March 14, 2008

Editing

According to Webster’s New Collegiate, an obituary (L. obitus = deceased) is a “notice of a person’s death usu.(sic) with a short biographical account.” I am not all that sure what is a biographical account of a death, whatever length, but our town’s papers charge by the word, anyway, so the shorter, I suppose, the better.

I mention this because CP decided recently that we should probably get about writing our own obituaries while we are still able and more or less coherent, and that we shouldn’t be leaving them up to somebody else who maybe was not all that well informed.

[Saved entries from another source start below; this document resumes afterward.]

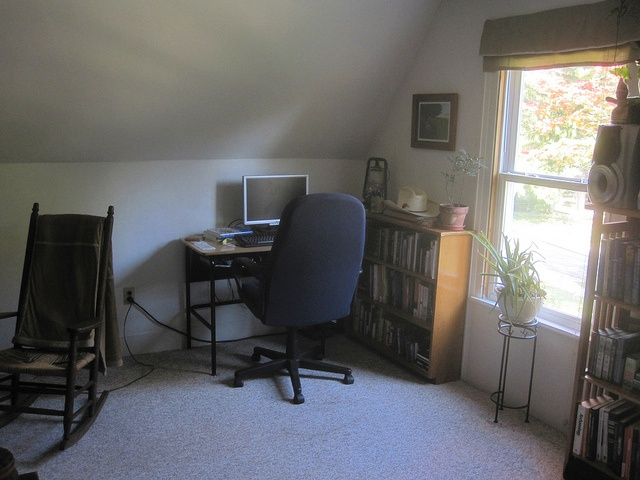Describe the objects in this image and their specific colors. I can see book in gray and black tones, chair in gray and black tones, chair in gray and black tones, potted plant in gray, darkgray, and white tones, and tv in gray, black, darkgray, and lightblue tones in this image. 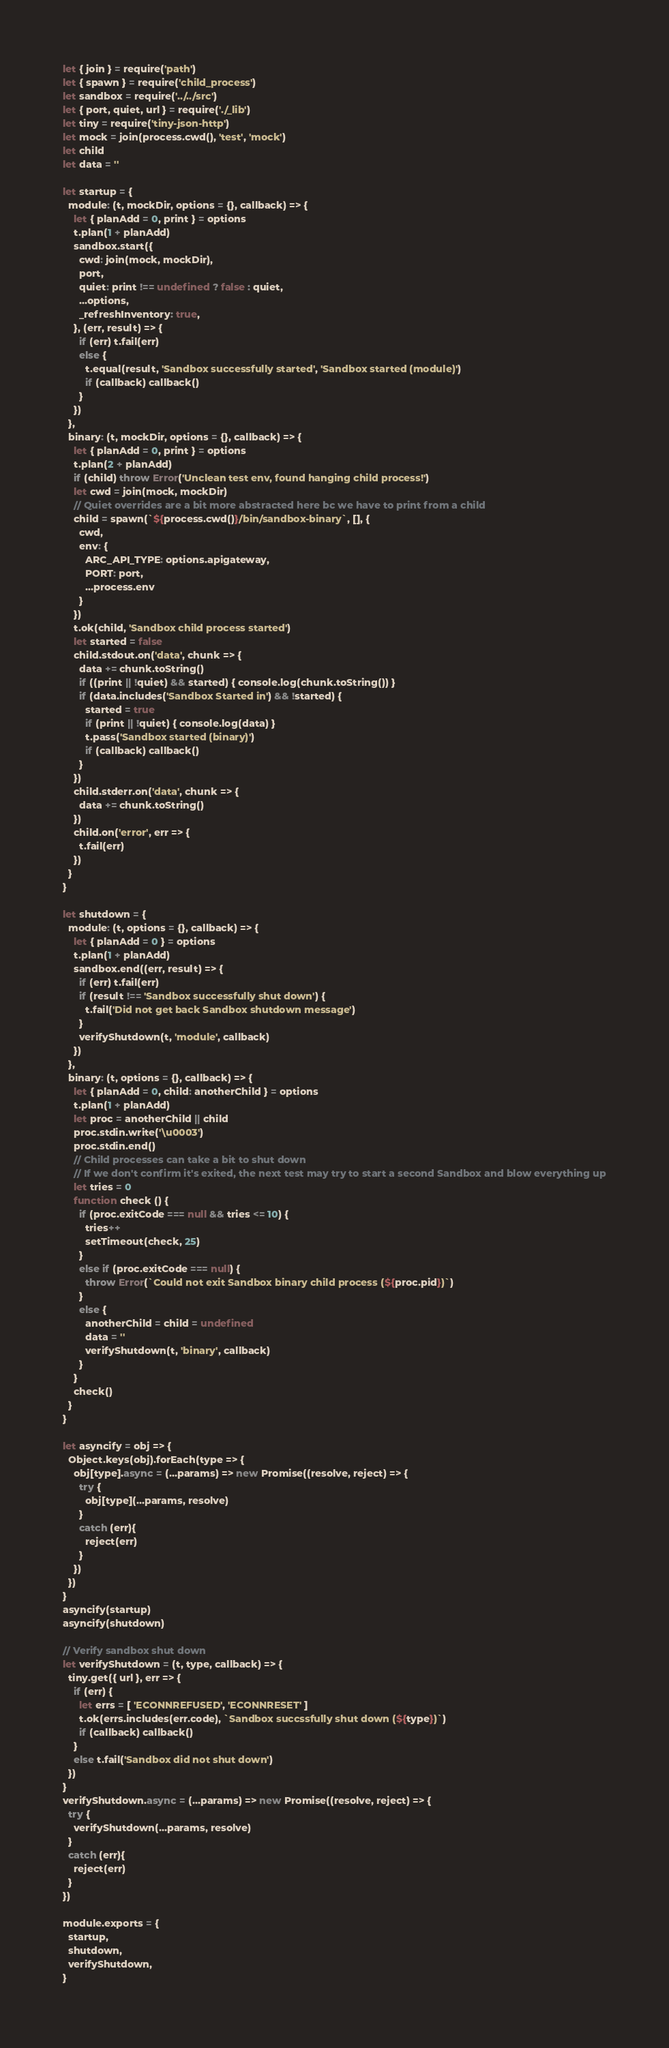<code> <loc_0><loc_0><loc_500><loc_500><_JavaScript_>let { join } = require('path')
let { spawn } = require('child_process')
let sandbox = require('../../src')
let { port, quiet, url } = require('./_lib')
let tiny = require('tiny-json-http')
let mock = join(process.cwd(), 'test', 'mock')
let child
let data = ''

let startup = {
  module: (t, mockDir, options = {}, callback) => {
    let { planAdd = 0, print } = options
    t.plan(1 + planAdd)
    sandbox.start({
      cwd: join(mock, mockDir),
      port,
      quiet: print !== undefined ? false : quiet,
      ...options,
      _refreshInventory: true,
    }, (err, result) => {
      if (err) t.fail(err)
      else {
        t.equal(result, 'Sandbox successfully started', 'Sandbox started (module)')
        if (callback) callback()
      }
    })
  },
  binary: (t, mockDir, options = {}, callback) => {
    let { planAdd = 0, print } = options
    t.plan(2 + planAdd)
    if (child) throw Error('Unclean test env, found hanging child process!')
    let cwd = join(mock, mockDir)
    // Quiet overrides are a bit more abstracted here bc we have to print from a child
    child = spawn(`${process.cwd()}/bin/sandbox-binary`, [], {
      cwd,
      env: {
        ARC_API_TYPE: options.apigateway,
        PORT: port,
        ...process.env
      }
    })
    t.ok(child, 'Sandbox child process started')
    let started = false
    child.stdout.on('data', chunk => {
      data += chunk.toString()
      if ((print || !quiet) && started) { console.log(chunk.toString()) }
      if (data.includes('Sandbox Started in') && !started) {
        started = true
        if (print || !quiet) { console.log(data) }
        t.pass('Sandbox started (binary)')
        if (callback) callback()
      }
    })
    child.stderr.on('data', chunk => {
      data += chunk.toString()
    })
    child.on('error', err => {
      t.fail(err)
    })
  }
}

let shutdown = {
  module: (t, options = {}, callback) => {
    let { planAdd = 0 } = options
    t.plan(1 + planAdd)
    sandbox.end((err, result) => {
      if (err) t.fail(err)
      if (result !== 'Sandbox successfully shut down') {
        t.fail('Did not get back Sandbox shutdown message')
      }
      verifyShutdown(t, 'module', callback)
    })
  },
  binary: (t, options = {}, callback) => {
    let { planAdd = 0, child: anotherChild } = options
    t.plan(1 + planAdd)
    let proc = anotherChild || child
    proc.stdin.write('\u0003')
    proc.stdin.end()
    // Child processes can take a bit to shut down
    // If we don't confirm it's exited, the next test may try to start a second Sandbox and blow everything up
    let tries = 0
    function check () {
      if (proc.exitCode === null && tries <= 10) {
        tries++
        setTimeout(check, 25)
      }
      else if (proc.exitCode === null) {
        throw Error(`Could not exit Sandbox binary child process (${proc.pid})`)
      }
      else {
        anotherChild = child = undefined
        data = ''
        verifyShutdown(t, 'binary', callback)
      }
    }
    check()
  }
}

let asyncify = obj => {
  Object.keys(obj).forEach(type => {
    obj[type].async = (...params) => new Promise((resolve, reject) => {
      try {
        obj[type](...params, resolve)
      }
      catch (err){
        reject(err)
      }
    })
  })
}
asyncify(startup)
asyncify(shutdown)

// Verify sandbox shut down
let verifyShutdown = (t, type, callback) => {
  tiny.get({ url }, err => {
    if (err) {
      let errs = [ 'ECONNREFUSED', 'ECONNRESET' ]
      t.ok(errs.includes(err.code), `Sandbox succssfully shut down (${type})`)
      if (callback) callback()
    }
    else t.fail('Sandbox did not shut down')
  })
}
verifyShutdown.async = (...params) => new Promise((resolve, reject) => {
  try {
    verifyShutdown(...params, resolve)
  }
  catch (err){
    reject(err)
  }
})

module.exports = {
  startup,
  shutdown,
  verifyShutdown,
}
</code> 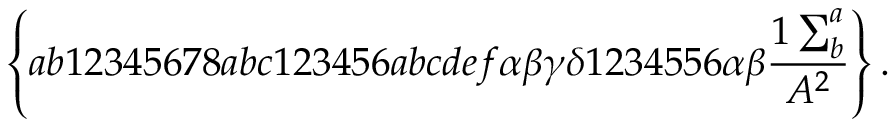<formula> <loc_0><loc_0><loc_500><loc_500>\left \{ a b 1 2 3 4 5 6 7 8 a b c 1 2 3 4 5 6 a b c d e f \alpha \beta \gamma \delta 1 2 3 4 5 5 6 \alpha \beta \frac { 1 \sum _ { b } ^ { a } } { A ^ { 2 } } \right \} .</formula> 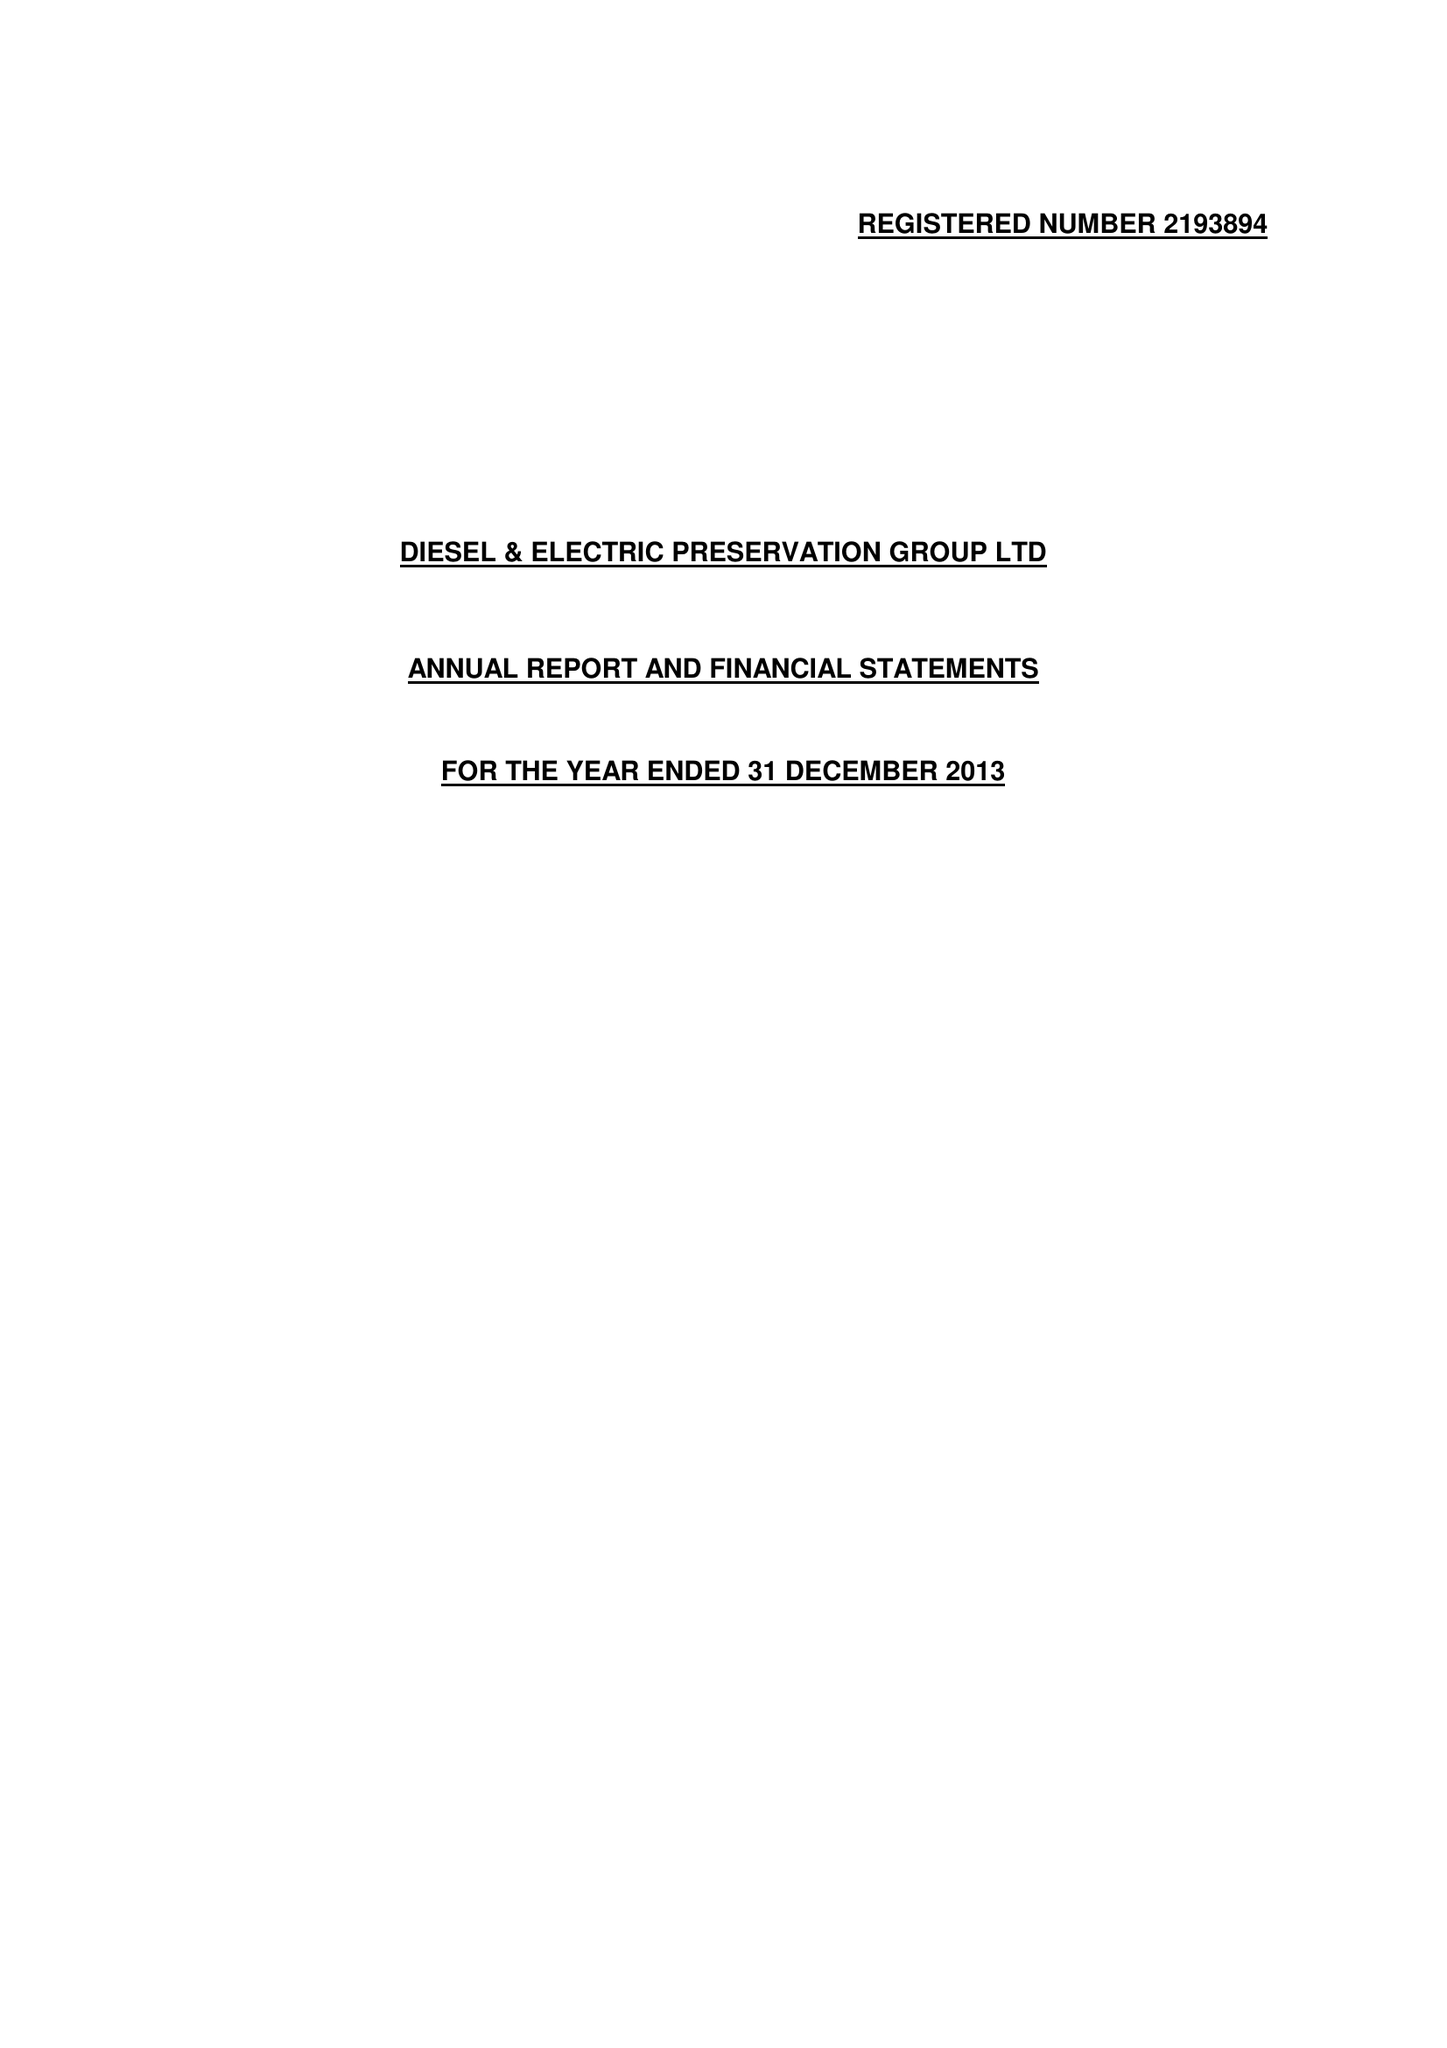What is the value for the report_date?
Answer the question using a single word or phrase. 2013-12-31

I think she probably read this in some AARP or Church Pension Group material. Furthermore, neither should their length matter whatever the charge, she said, as we’d more than likely be paying for each other’s, sort of, you might say, like as a last tribute.

Somehow, I didn’t exactly get right on it as she didn’t seem to be doing much about hers either. I wondered whether my being older than the hills might have had something to do with her procrastination. Anyhow, I finally went ahead and wrote mine.

Even though I had heard that a newspaper’s obituaries are usually written by youngsters just out of journalism school, I took the New York Times as an example, presuming they’d probably hired the better students. But that didn’t prove all that helpful because when I compared the “short biographical account” of my death to their typical and longer ones, I got rather depressed when it dawned on me how little I had accomplished and what little influence I had had in all these years. Finally, and not all that easily, I got something done. I ran it through my printer and left a copy on CP’s desk without comment.

Several days went by, and I began to wonder had she seen it or maybe had she even read it if she had. After all, it had been her idea in the first place, and I was rather proud that I had coöperated at all, for it hadn’t been all that easy. Finally, I asked.

Yes, she’d read it, she said. Well? I said. Well, she said, You left a lot out, so I took the blue pencil to it. (The kind editors are said to use, I suppose.) When she began to tell me what I’d left out, I was overjoyed. I didn’t know she’d remembered. It was almost like a second honeymoon, save for the editing part, the purpose, and all.